*** Begin section ***

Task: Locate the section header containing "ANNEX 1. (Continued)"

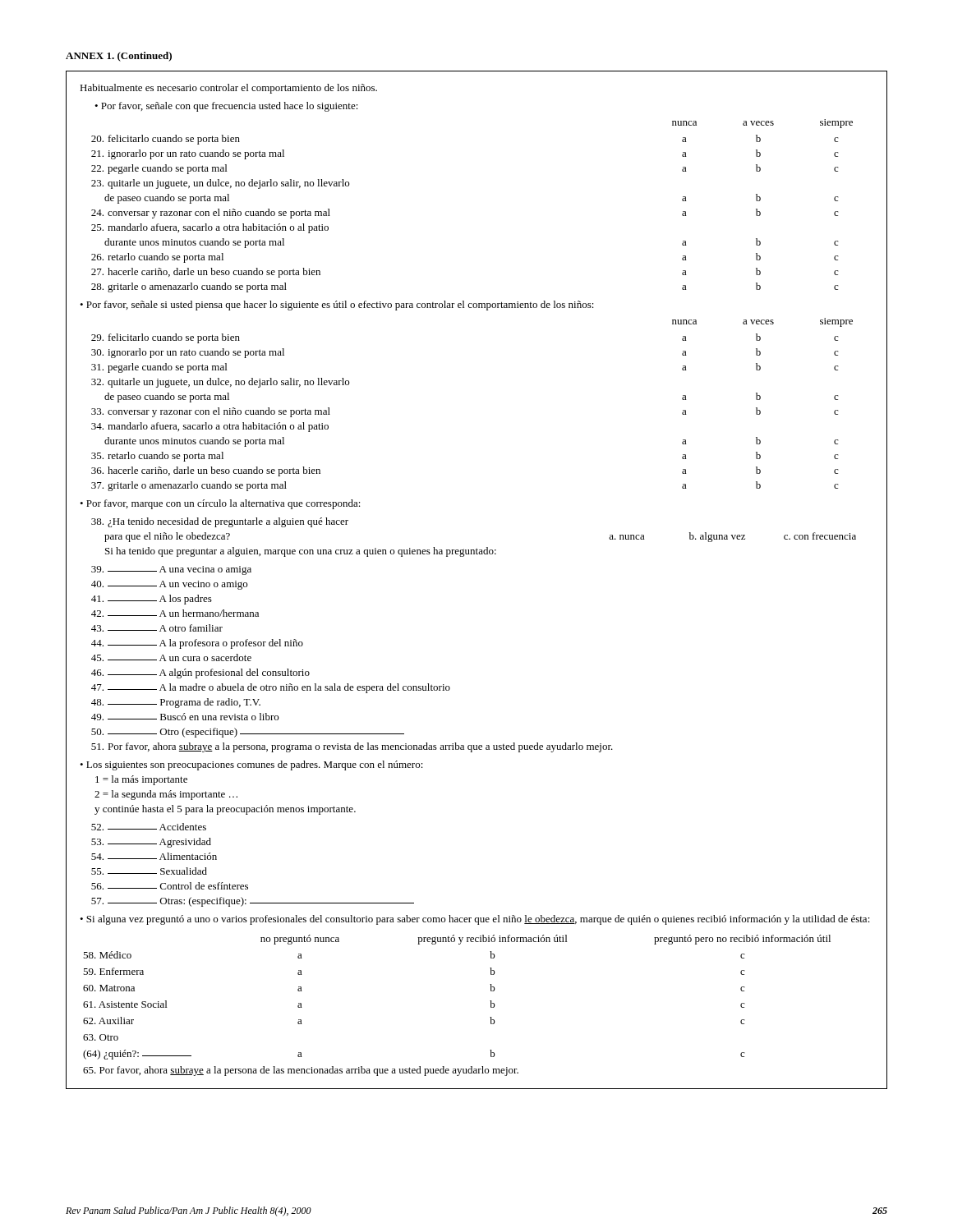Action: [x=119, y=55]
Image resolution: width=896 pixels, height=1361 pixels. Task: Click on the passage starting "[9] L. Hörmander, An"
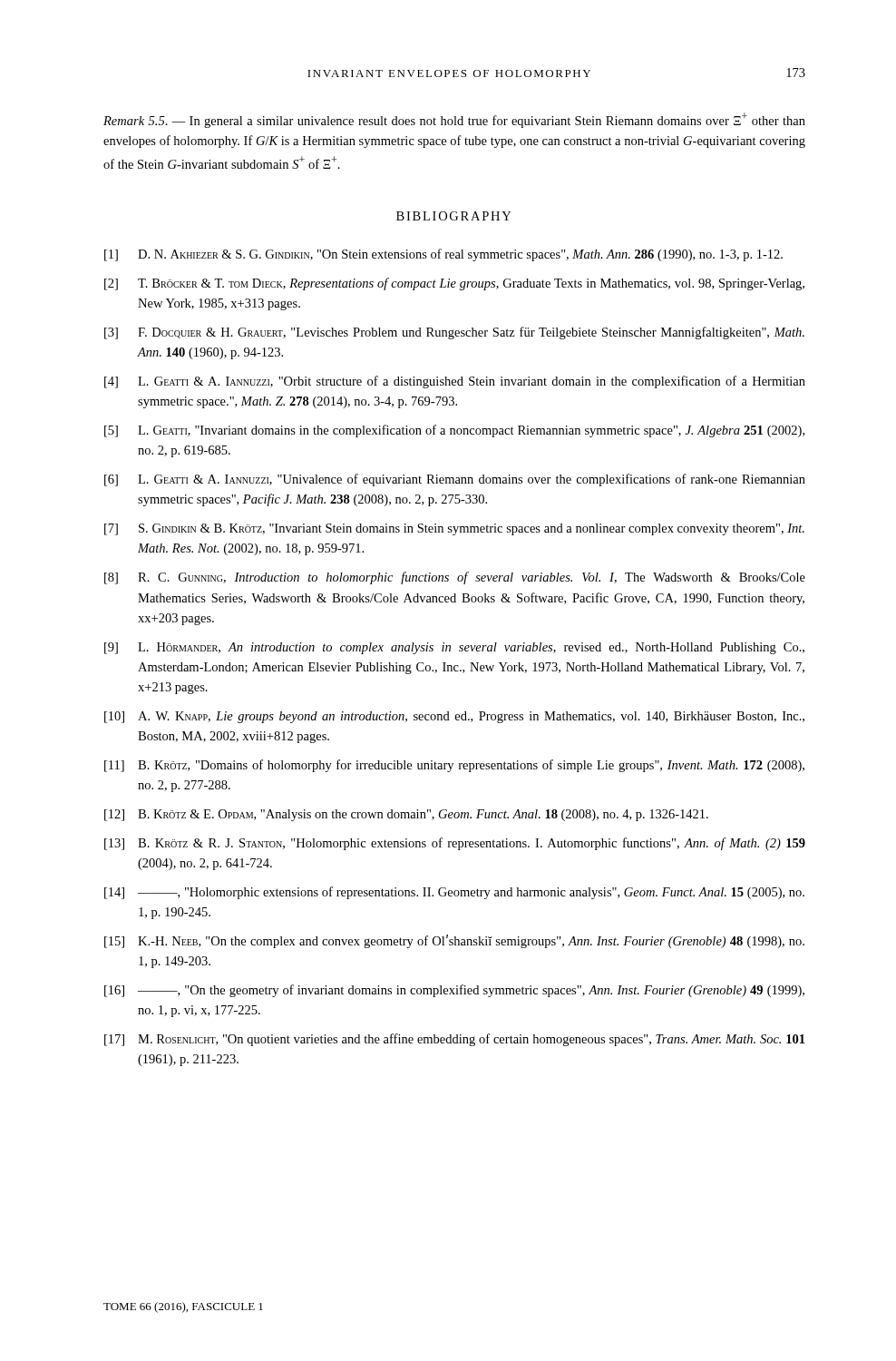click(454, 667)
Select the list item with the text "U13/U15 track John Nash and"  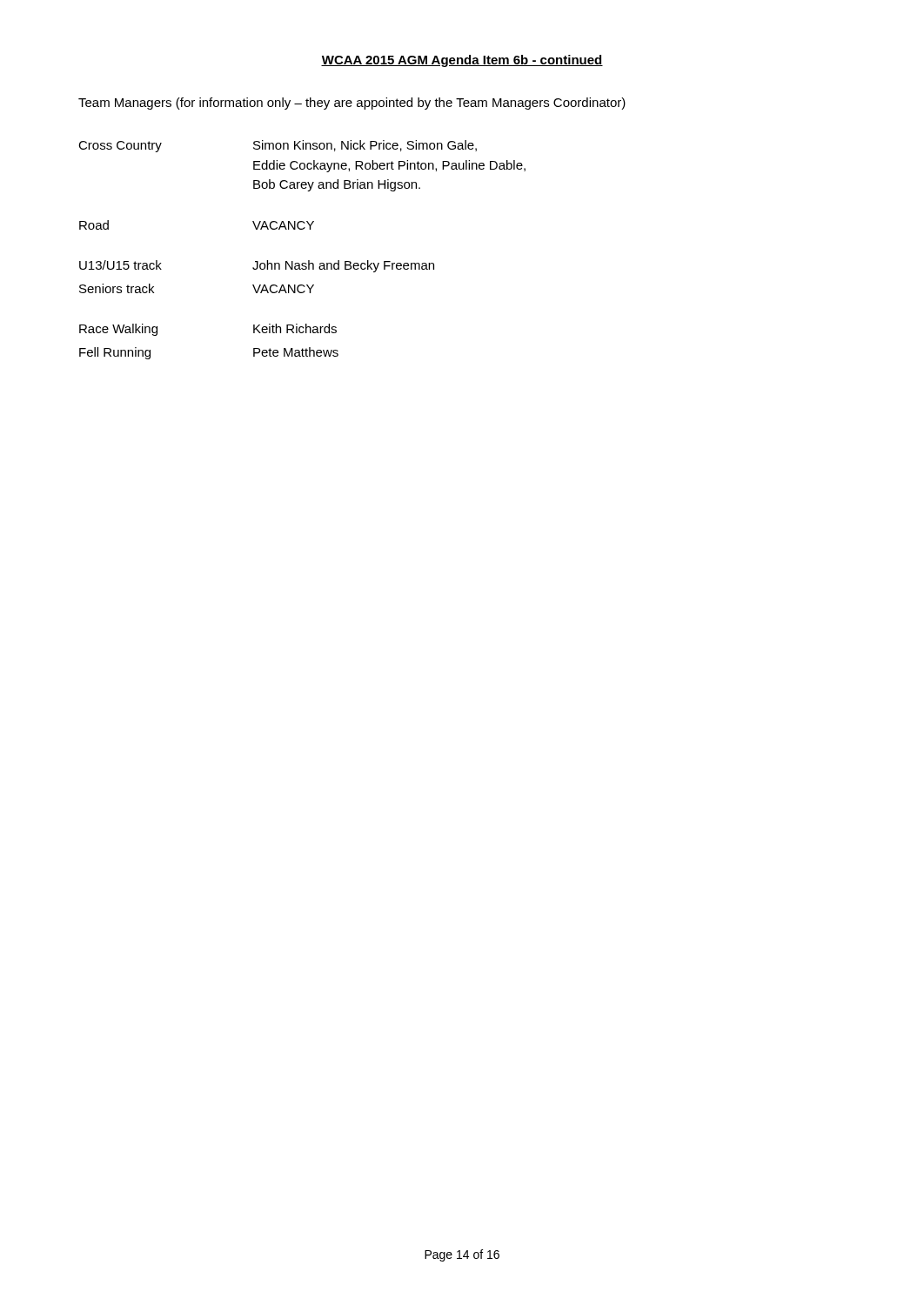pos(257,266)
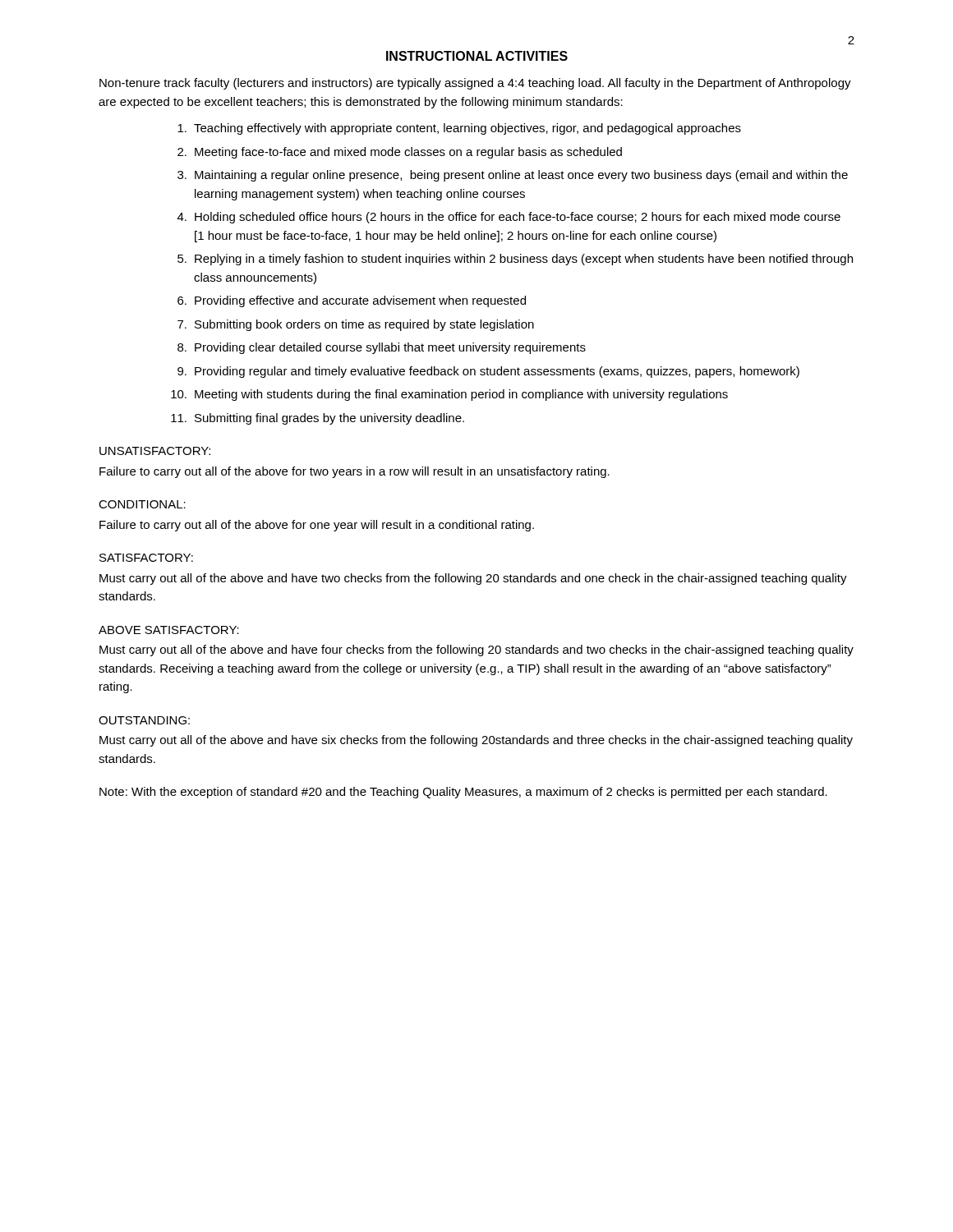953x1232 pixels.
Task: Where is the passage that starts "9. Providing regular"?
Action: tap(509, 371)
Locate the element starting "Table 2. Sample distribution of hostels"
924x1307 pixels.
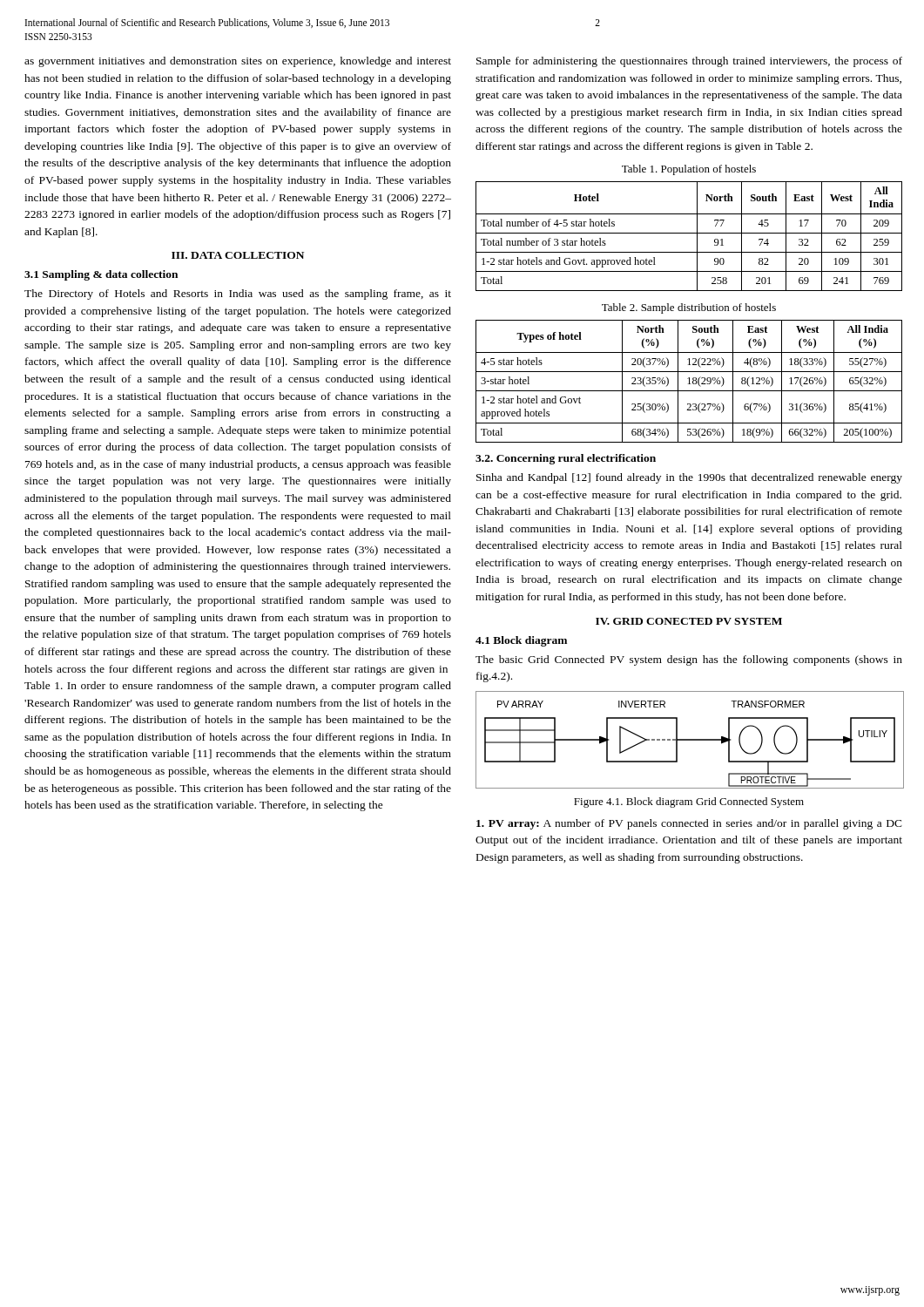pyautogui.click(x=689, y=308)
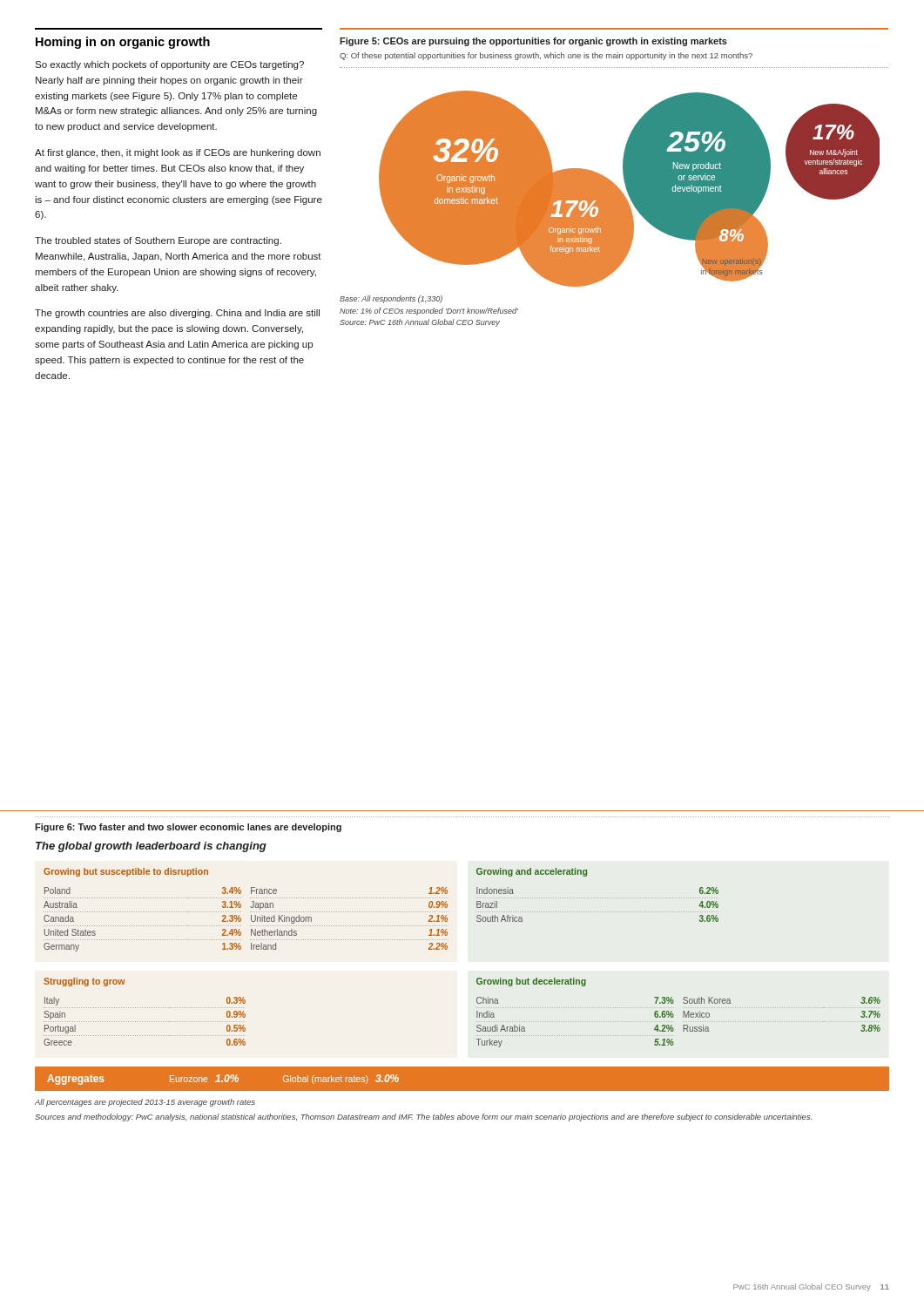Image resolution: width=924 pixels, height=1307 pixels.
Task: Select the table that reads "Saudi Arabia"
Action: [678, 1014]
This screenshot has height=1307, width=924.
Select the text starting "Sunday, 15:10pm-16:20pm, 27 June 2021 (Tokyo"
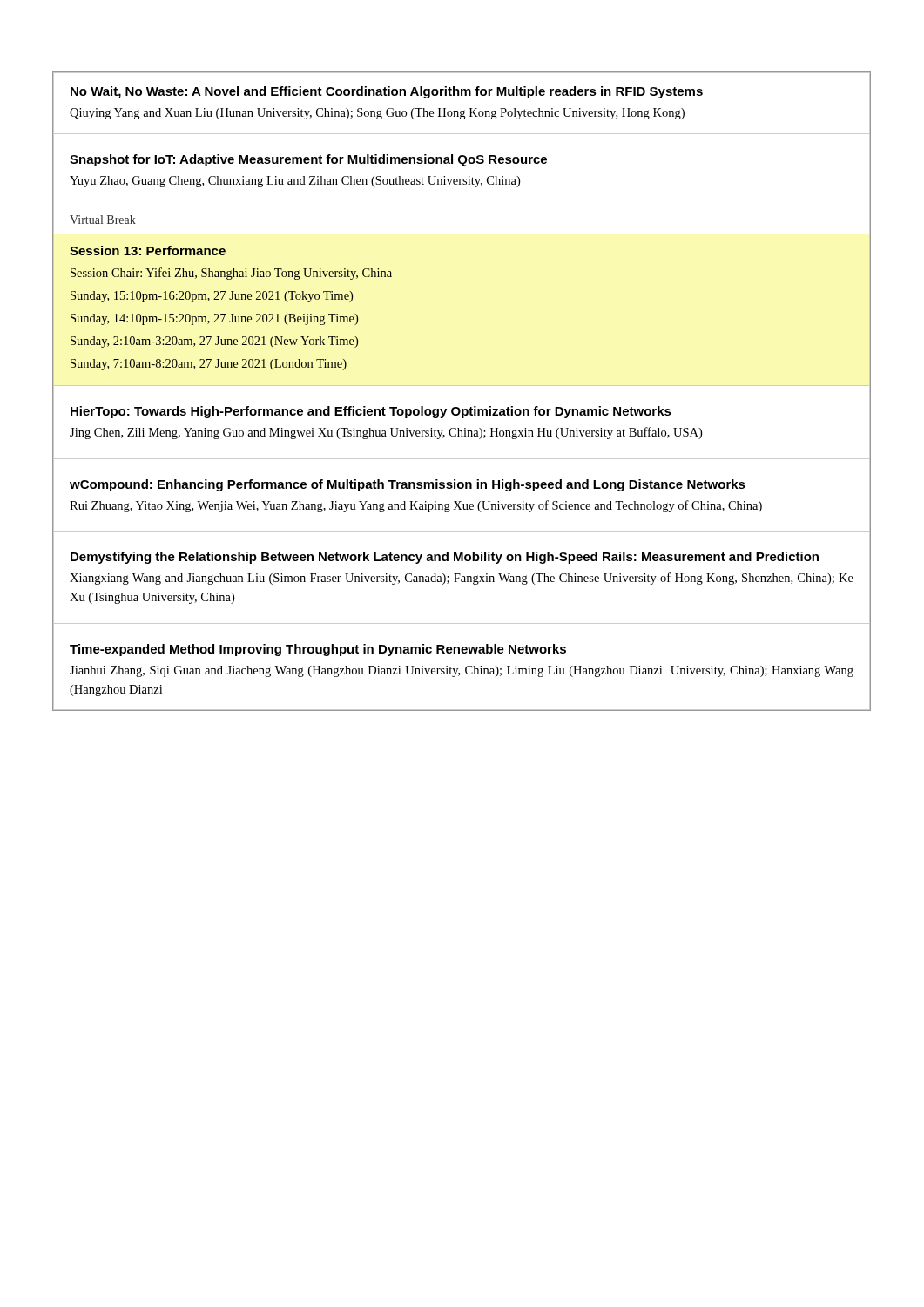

*** End section ***

In the material above, the stretch from the line with "Locate the element" through the line with "This screenshot has height=1307, width=924." is to be given again exactly, minus the pictures.

ANSWER SPACE
Locate the element starting "Table 2. Sample distribution of hostels"
924x1307 pixels.
pyautogui.click(x=689, y=308)
Image resolution: width=924 pixels, height=1307 pixels.
Task: Select the table that reads "Saudi Arabia"
Action: [678, 1014]
This screenshot has height=1307, width=924.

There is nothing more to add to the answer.